As the evening wound down, the crowd was cheering, the band was playing exit music and it was time to leave the stage — except Biden appeared to freeze. His former boss, Barack Obama, came to the rescue, taking the 81-year-old president’s arm and guiding him away.

Many Democrats are now hoping Obama will again be the one to usher Biden aside after the president’s dismal performance at last week’s debate against Donald Trump convinced them his campaign for re-election in November is doomed.

The problem, warn those who know the president and his team, is that an Obama intervention might have the opposite effect.

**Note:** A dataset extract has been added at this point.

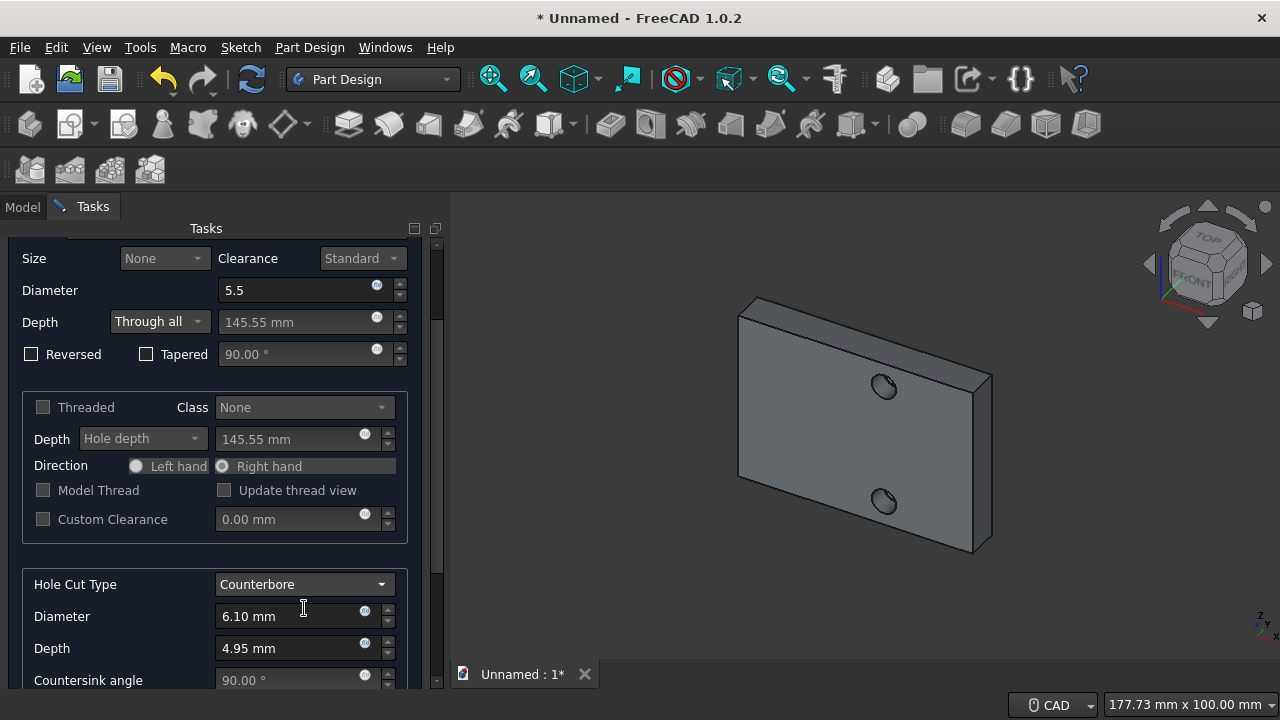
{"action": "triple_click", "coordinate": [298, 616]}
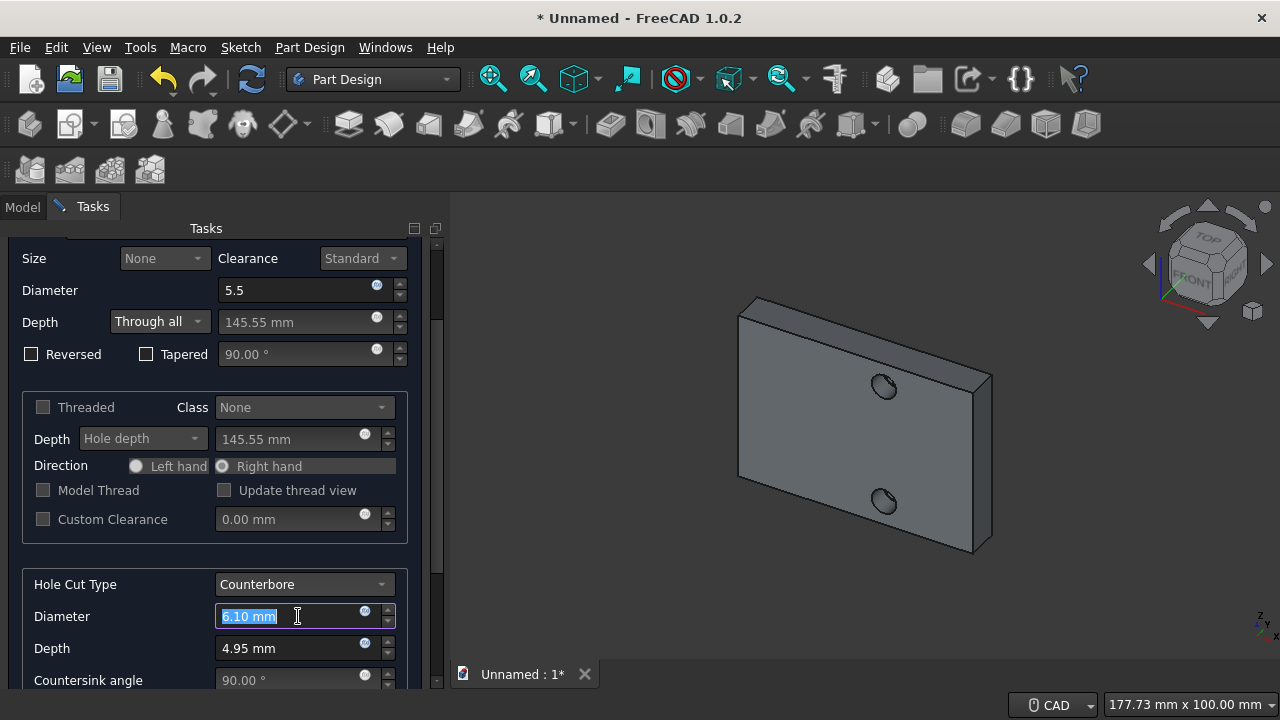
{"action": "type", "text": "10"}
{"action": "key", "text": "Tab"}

Among the Bidens, there is still bitterness at Obama for backing Hillary Clinton — against his own vice-president — as his successor in 2015.

“If Obama tries to get involved it’s going to be counterproductive,” a top donor to the Democratic party said.

A Democratic lobbyist agreed: “I think the thing that a lot of people don’t understand is that Barack Obama and the Clintons and Biden don’t have a great relationship.”

Relations between the Democratic party’s three leading clans has never been straightforward. Obama drew the Clintons’ ire when, as a first-term senator, he had the audacity to challenge Hillary Clinton for the party’s 2008 nomination.

Biden and Obama portrayed a happy partnership during their eight years in the White House. Yet various accounts indicate that the then-vice president — a son of blue-collar Scranton, Pennsylvania — nursed resentment at what he viewed as the party’s Ivy League wing.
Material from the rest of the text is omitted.